Hash table search and Insert/Remove in O(1)

Question

How it can be O(1)? If you have an empty hash table it is obviously constant but when number of elements increases and collisions starts, wouldn't also it increase complexity?

I mean search time will increase for tables with more elements, how is this constant?

Answer 1

The extremely simple toy "static" hash table implementations often used to introduce students to hash tables do have the problems you pointed out.
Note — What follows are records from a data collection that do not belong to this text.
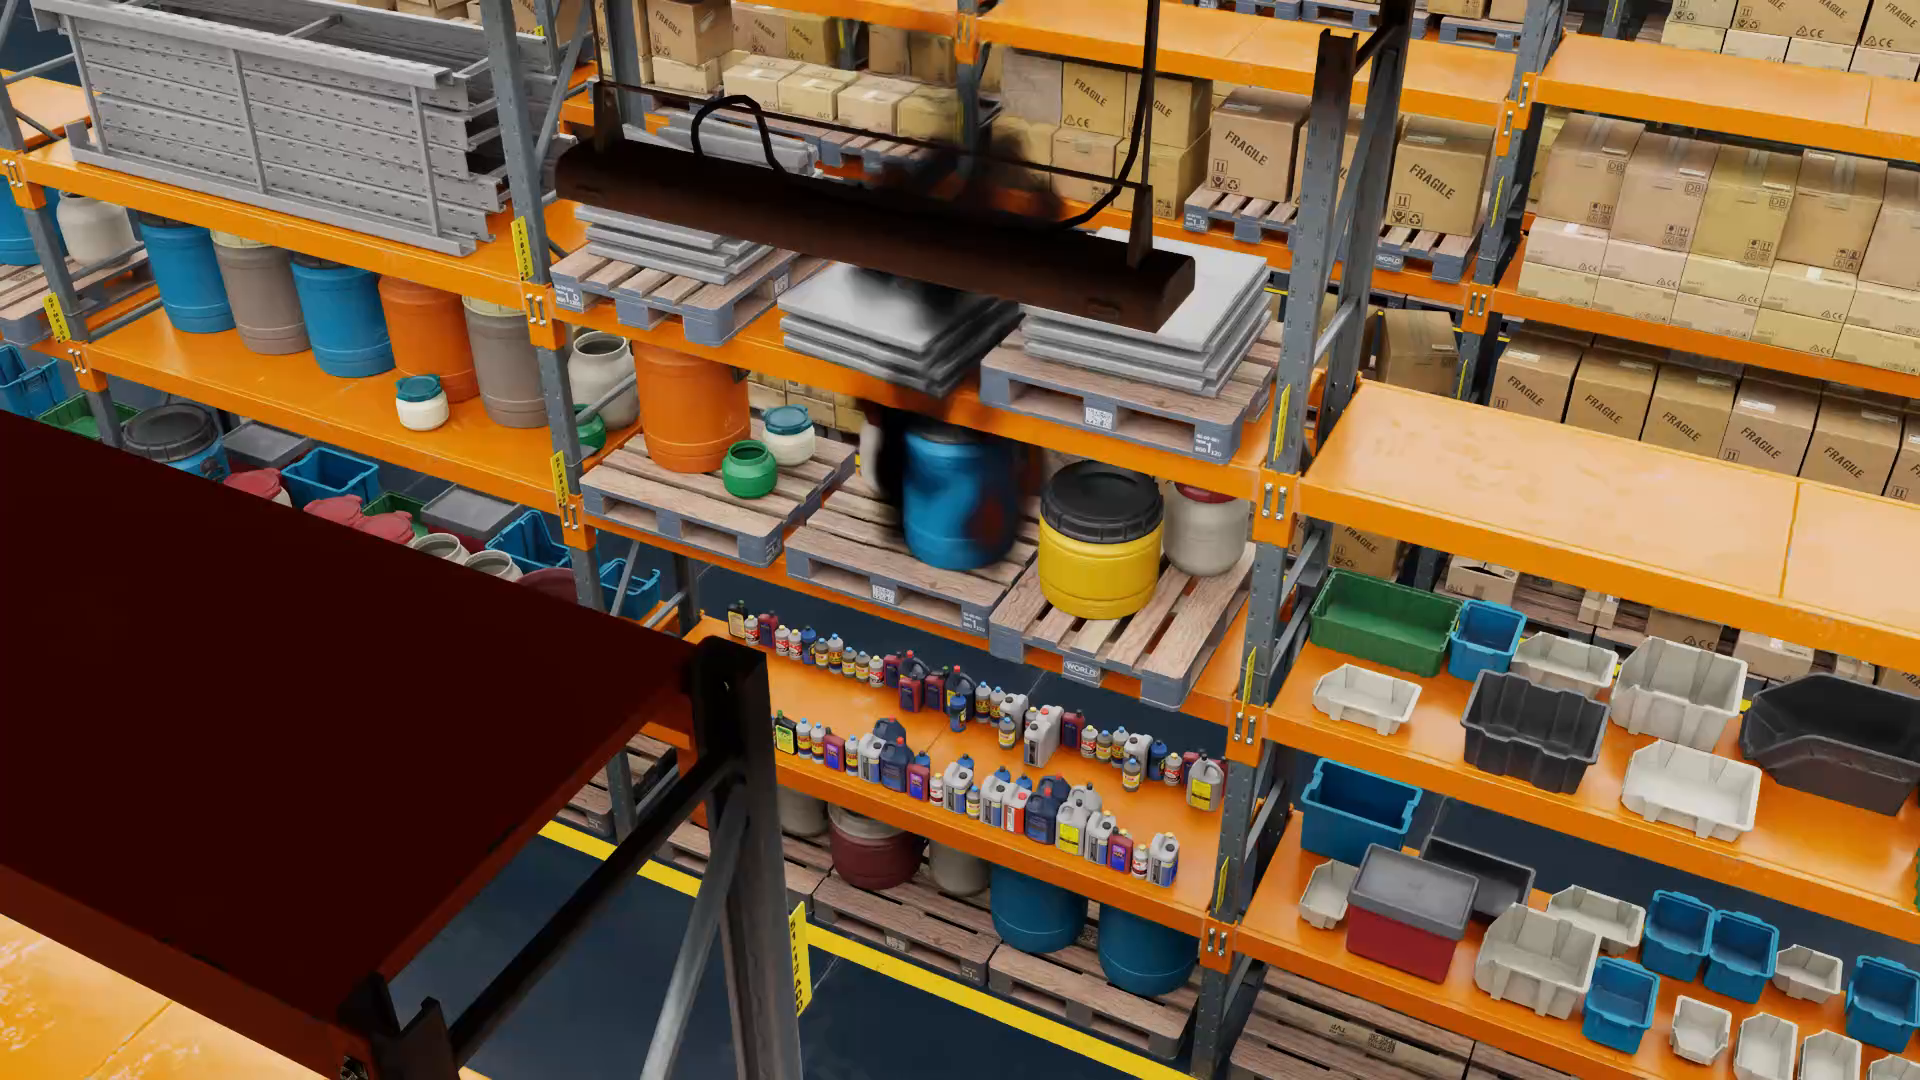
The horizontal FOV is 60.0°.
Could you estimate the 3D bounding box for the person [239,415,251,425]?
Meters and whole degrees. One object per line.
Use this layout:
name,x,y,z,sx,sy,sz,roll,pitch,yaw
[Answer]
person,-5.969,-1.213,13.989,0.834,1.687,0.715,13,37,18
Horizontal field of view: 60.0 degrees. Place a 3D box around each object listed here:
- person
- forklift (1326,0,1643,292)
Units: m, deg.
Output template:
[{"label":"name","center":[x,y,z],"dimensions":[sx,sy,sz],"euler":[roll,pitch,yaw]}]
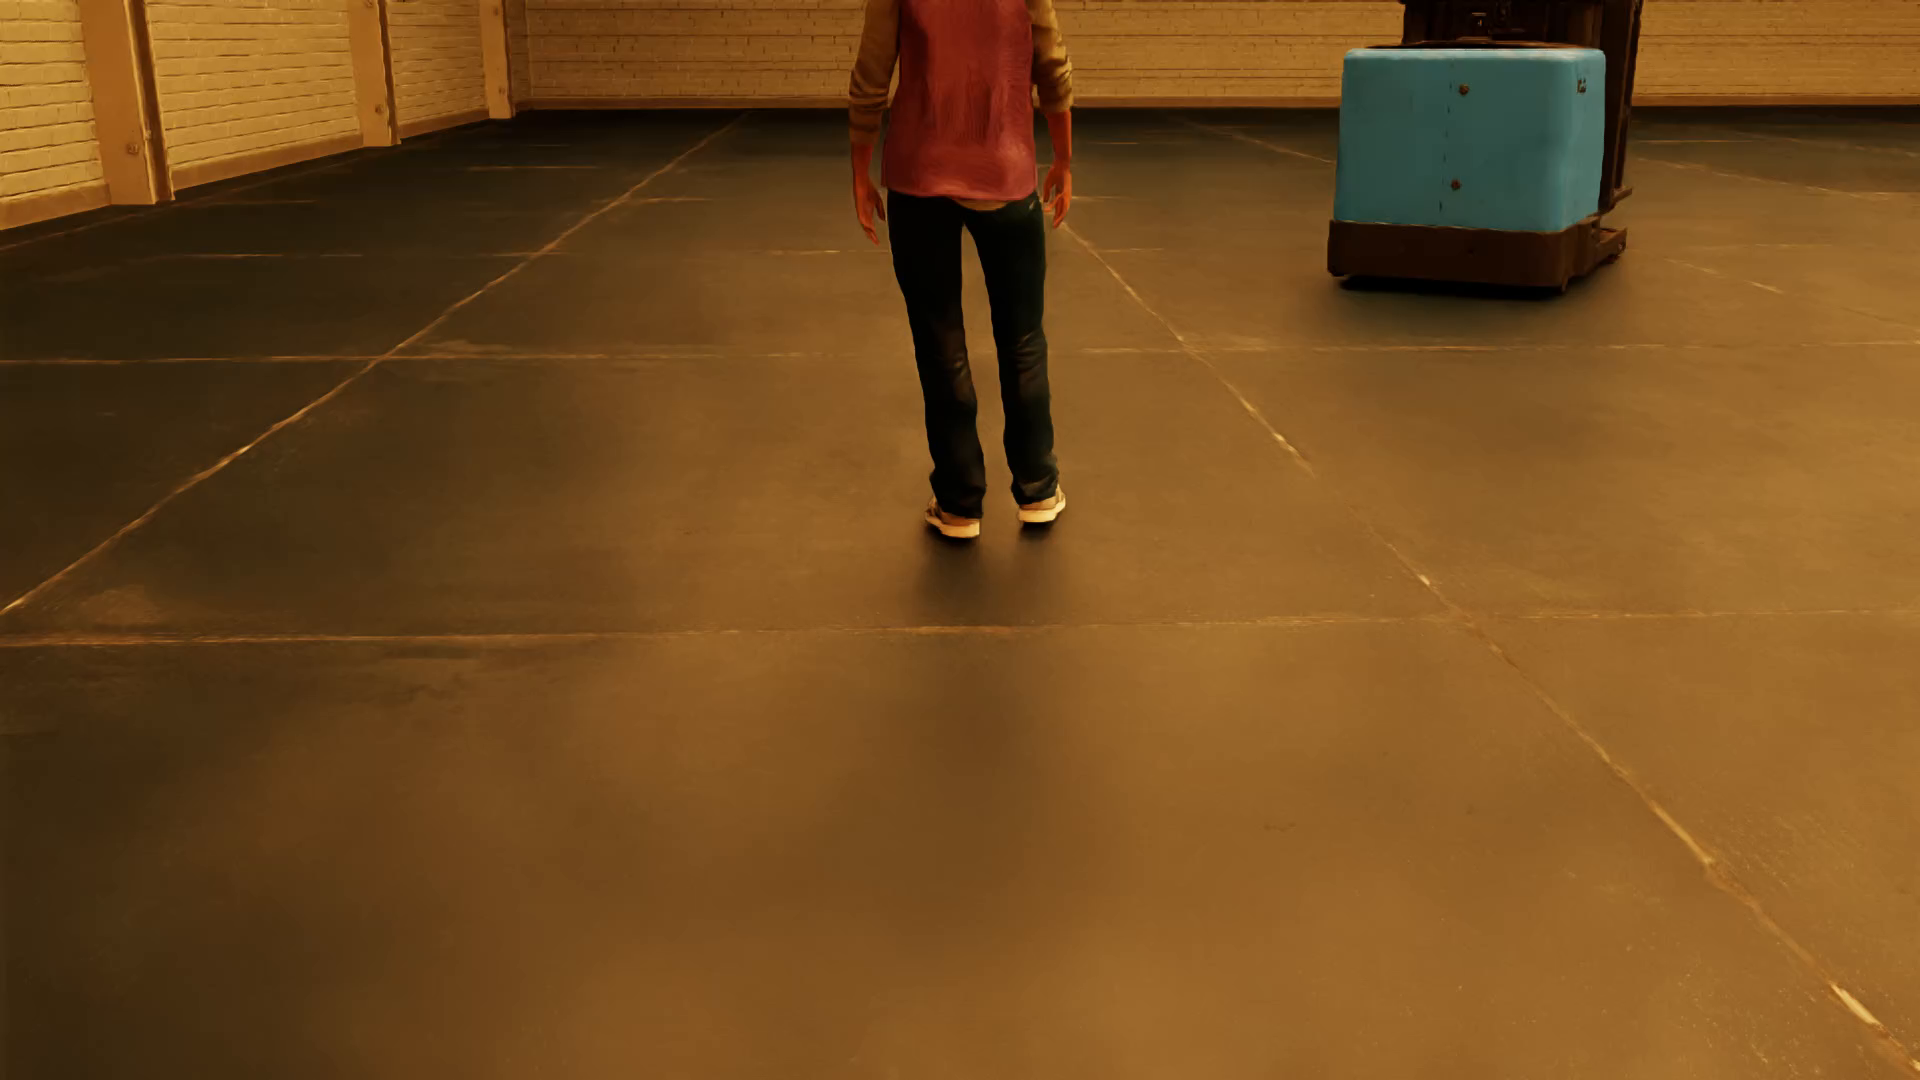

In practice, many popular hash algorithm implementations are "dynamic" -- rather than allowing the table to fill up and the hash chains to get longer and longer, leading to the problems you pointed out, during an insert() they pro-actively recognize when there are "too many" collisions, and then do something about it. Often they don't bother trying out to figure out why there are so many collisions -- i.e., they don't know or care if the real problem is (a) or (c) -- they go ahead and do both (b) and (d):

There are two different ways that a hash table can get lots of collisions, and both of them have known solutions:

• (a) If there's a lot of data items, and not very many buckets, there will be collisions. A (separate chaining) hash table with 100 slots, after trying to insert 150 items, will inevitably have dozens of collisions. (Because of the birthday effect, you'll probably get dozens of collisions a lot sooner than that). To avoid this problem,

  • (b) resize the hash table, which guarantees there is plenty of empty space to insert more items, -- i.e., the algorithm maintains a good load factor.

• (c) With the particular items it needs to store, the particular hash function currently in use "coincidentally" sends many items to the same bucket, many more than one would expect from the birthday effect. To avoid this problem,

  • (d) switch to a different randomly-picked hash function from a universal family of hash functions. For any particular set of data -- even if the data has been carefully selected so the current hash function sends most of the data to the same bucket -- most of the other hash functions in a universal family will spread that particular set of data out much more evenly.

In order to prevent the problems you pointed out, practical in-RAM hash table implementations have code in the insert() function that occasionally triggers some "extra work" resize-by-copying-all-entries which requires O(n+k) time to do (c) and (d), that happens so rarely that that n inserts require a total time of O(n), so the average insert time is O(1).

Many hash table implementations -- implementations of separate chaining, linear probing, etc. -- resize often enough that hash table lookups require O(1) comparisons on average, although they have no guarantees on the worst-case hash-table lookup time.

A few hash table implementations -- implementations of hopscotch hashing, cuckoo hashing, dynamic perfect hashing, etc. -- do even more "extra work" in the form of (b) and repeating (d) however many times is necessary to guarantee that hash table lookups require O(1) comparisons even in the worst case.